Segment Open

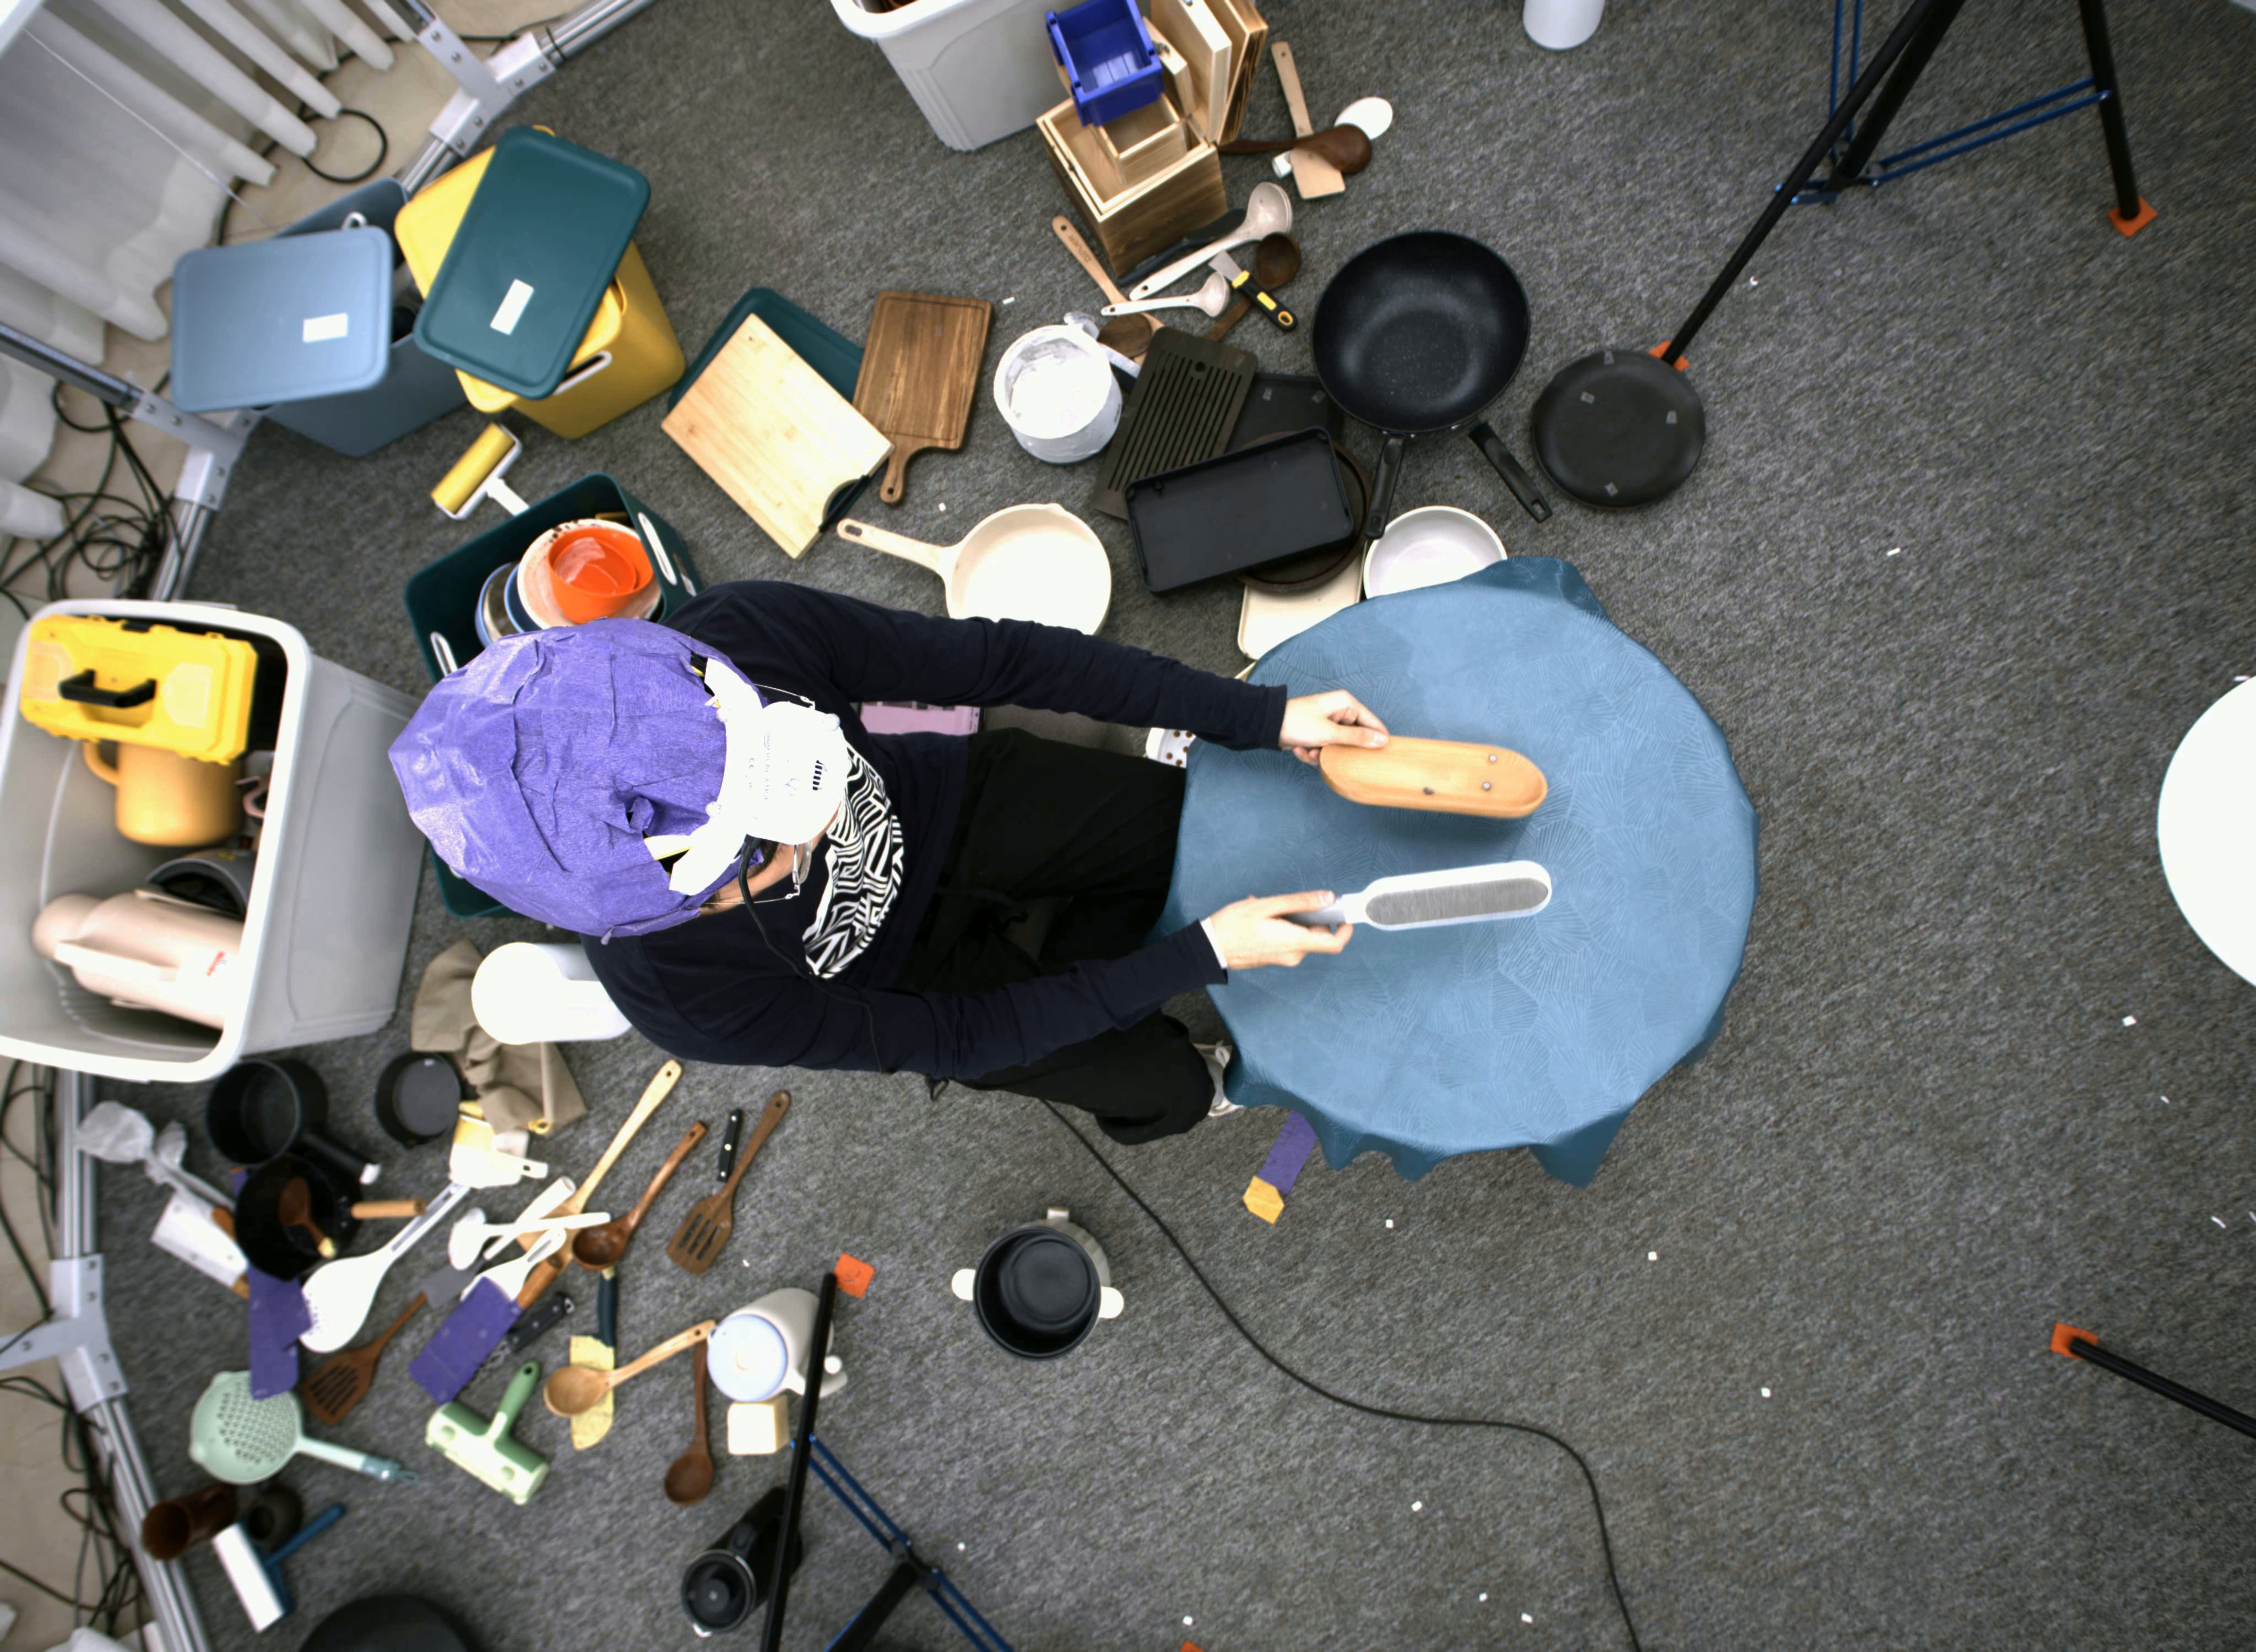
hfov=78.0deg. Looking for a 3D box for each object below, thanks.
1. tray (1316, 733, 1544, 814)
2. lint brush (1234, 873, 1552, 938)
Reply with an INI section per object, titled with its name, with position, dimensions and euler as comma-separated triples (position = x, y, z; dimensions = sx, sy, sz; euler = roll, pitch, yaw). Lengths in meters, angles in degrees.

Segment Closed
Segment Open

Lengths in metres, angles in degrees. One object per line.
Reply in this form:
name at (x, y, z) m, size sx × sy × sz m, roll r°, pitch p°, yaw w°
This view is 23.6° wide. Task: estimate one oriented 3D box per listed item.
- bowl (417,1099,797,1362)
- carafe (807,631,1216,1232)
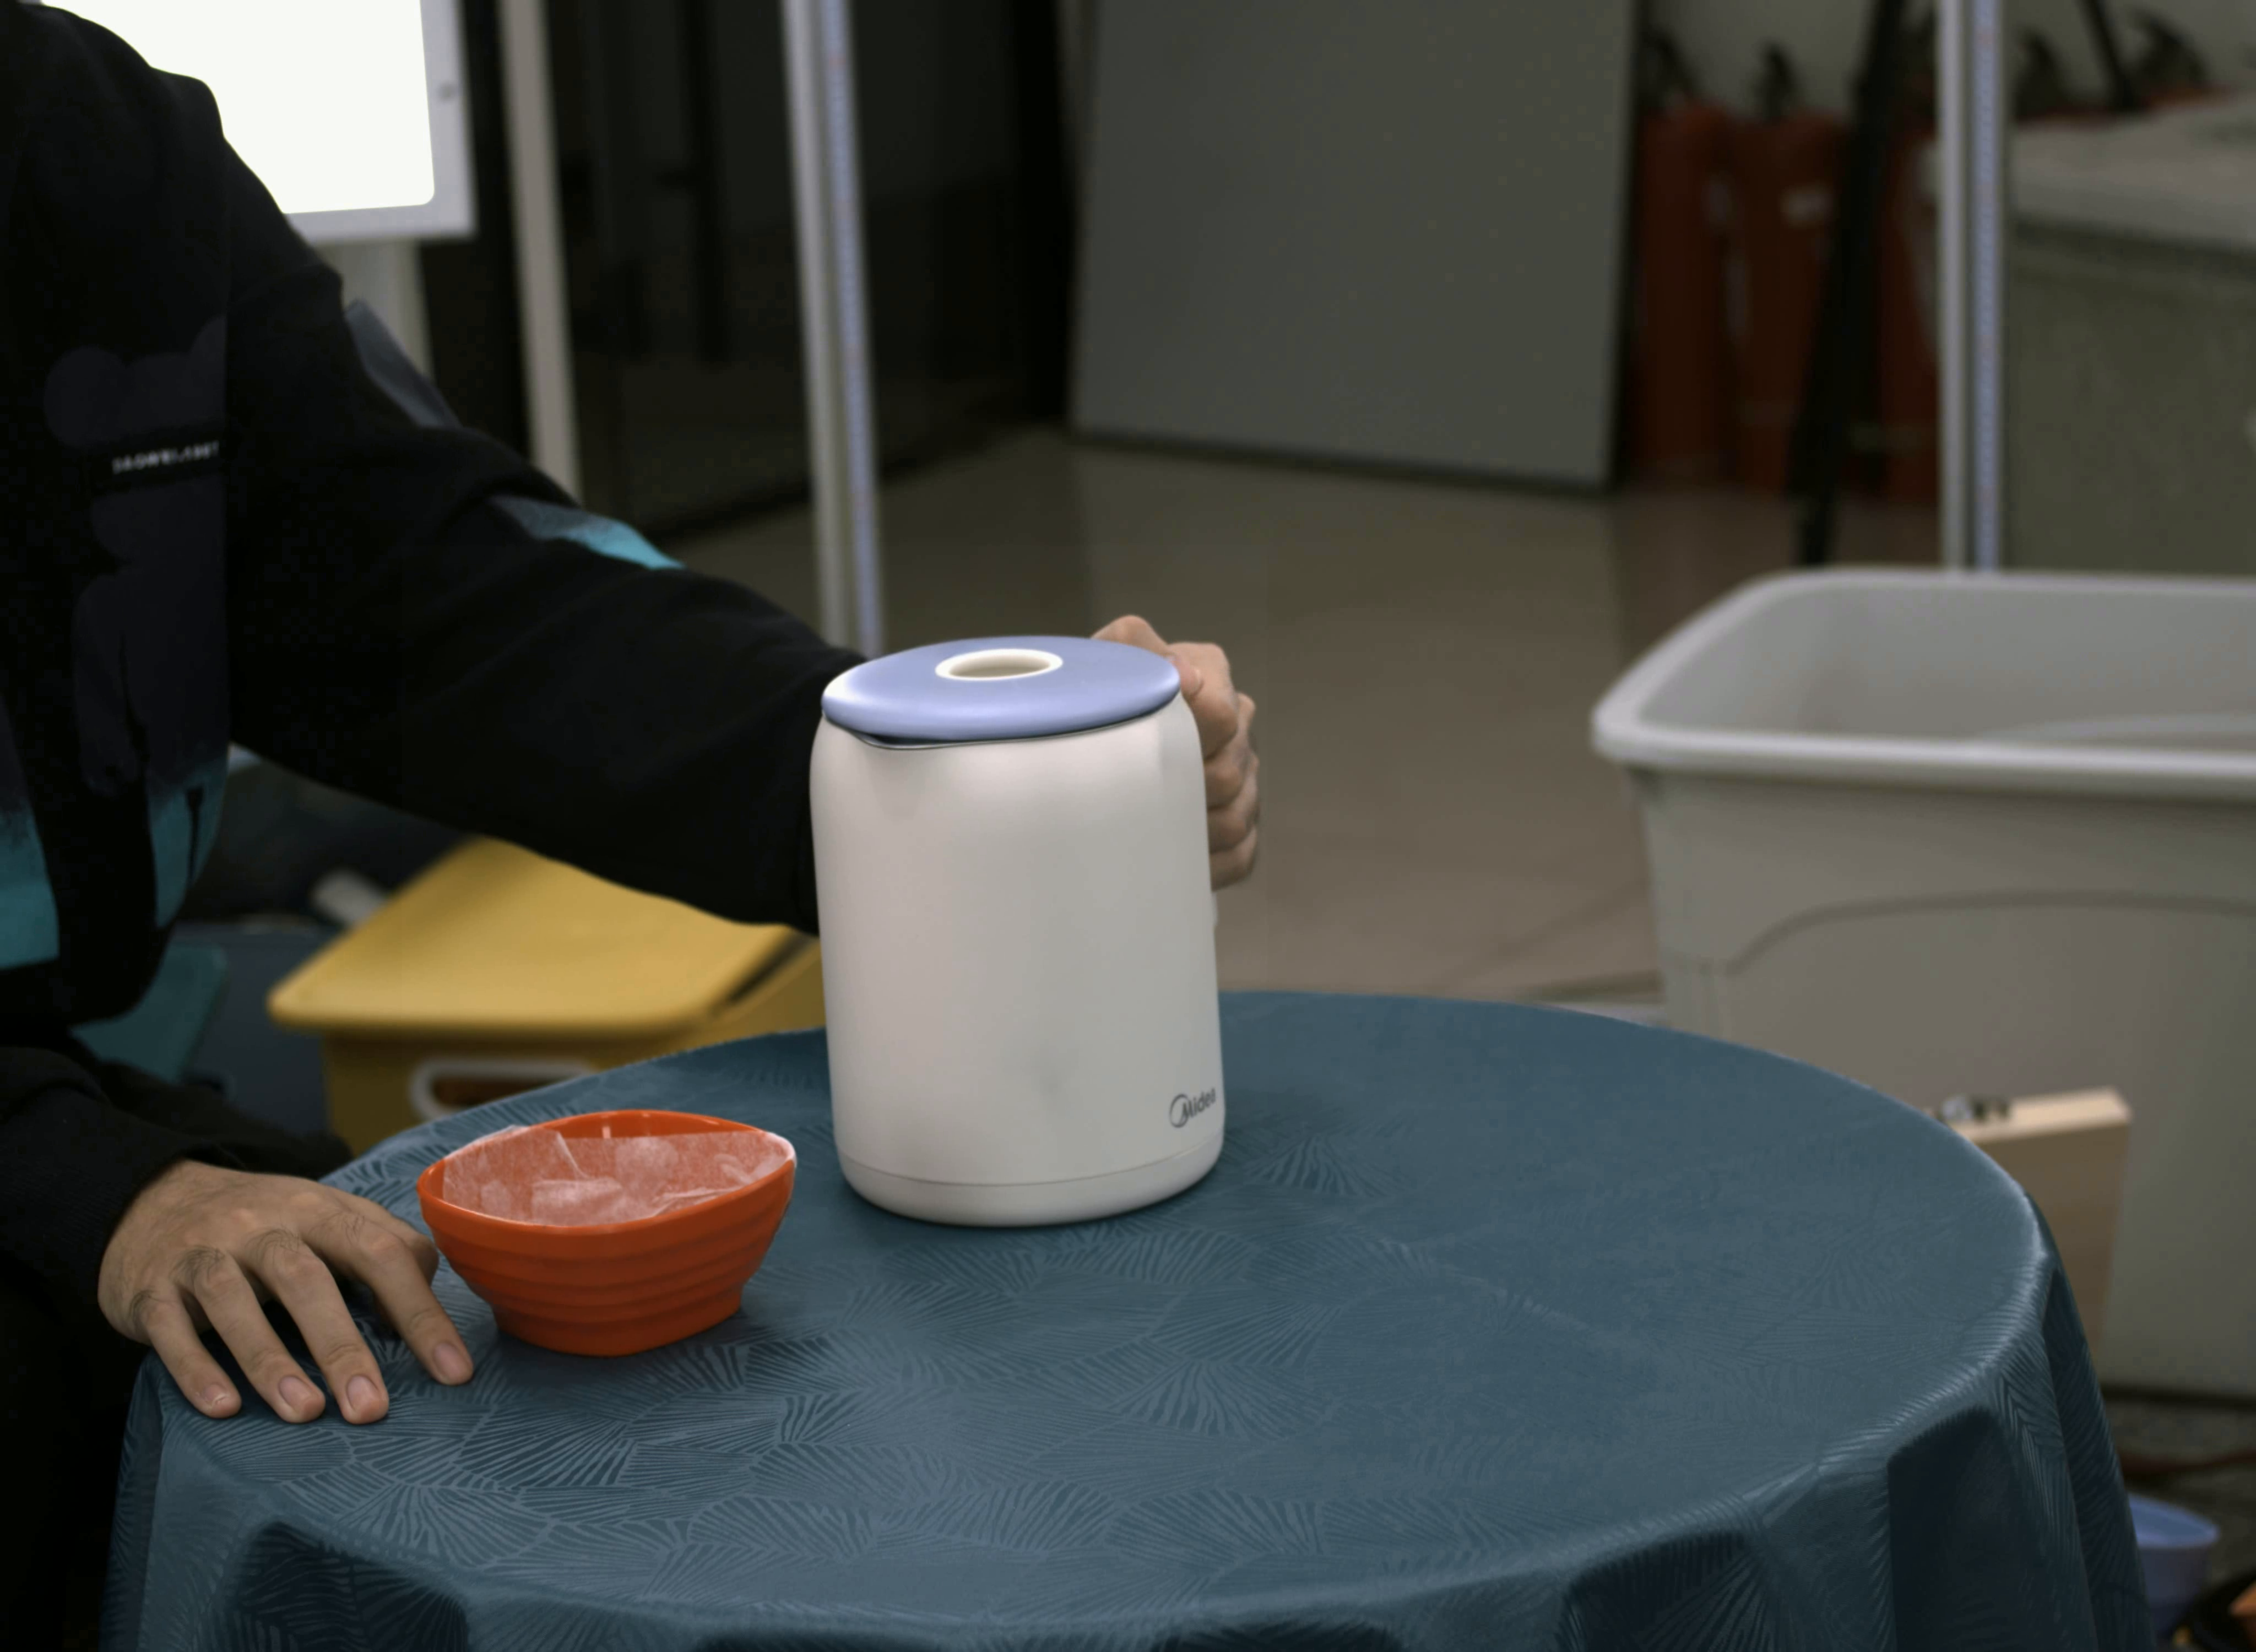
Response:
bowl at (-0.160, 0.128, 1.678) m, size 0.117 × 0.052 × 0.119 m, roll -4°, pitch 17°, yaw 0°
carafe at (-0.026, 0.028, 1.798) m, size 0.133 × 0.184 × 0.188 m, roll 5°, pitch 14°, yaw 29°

Segment Closed

• _Your assignment_
In the entries above, find the line with "Lengths in metres, angles" and the line with "- carafe (807,631,1216,1232)", then set down exactly those two and every line between them, nothing else.

• _Response to the task_
Lengths in metres, angles in degrees. One object per line.
Reply in this form:
name at (x, y, z) m, size sx × sy × sz m, roll r°, pitch p°, yaw w°
This view is 23.6° wide. Task: estimate one oriented 3D box per listed item.
- bowl (417,1099,797,1362)
- carafe (807,631,1216,1232)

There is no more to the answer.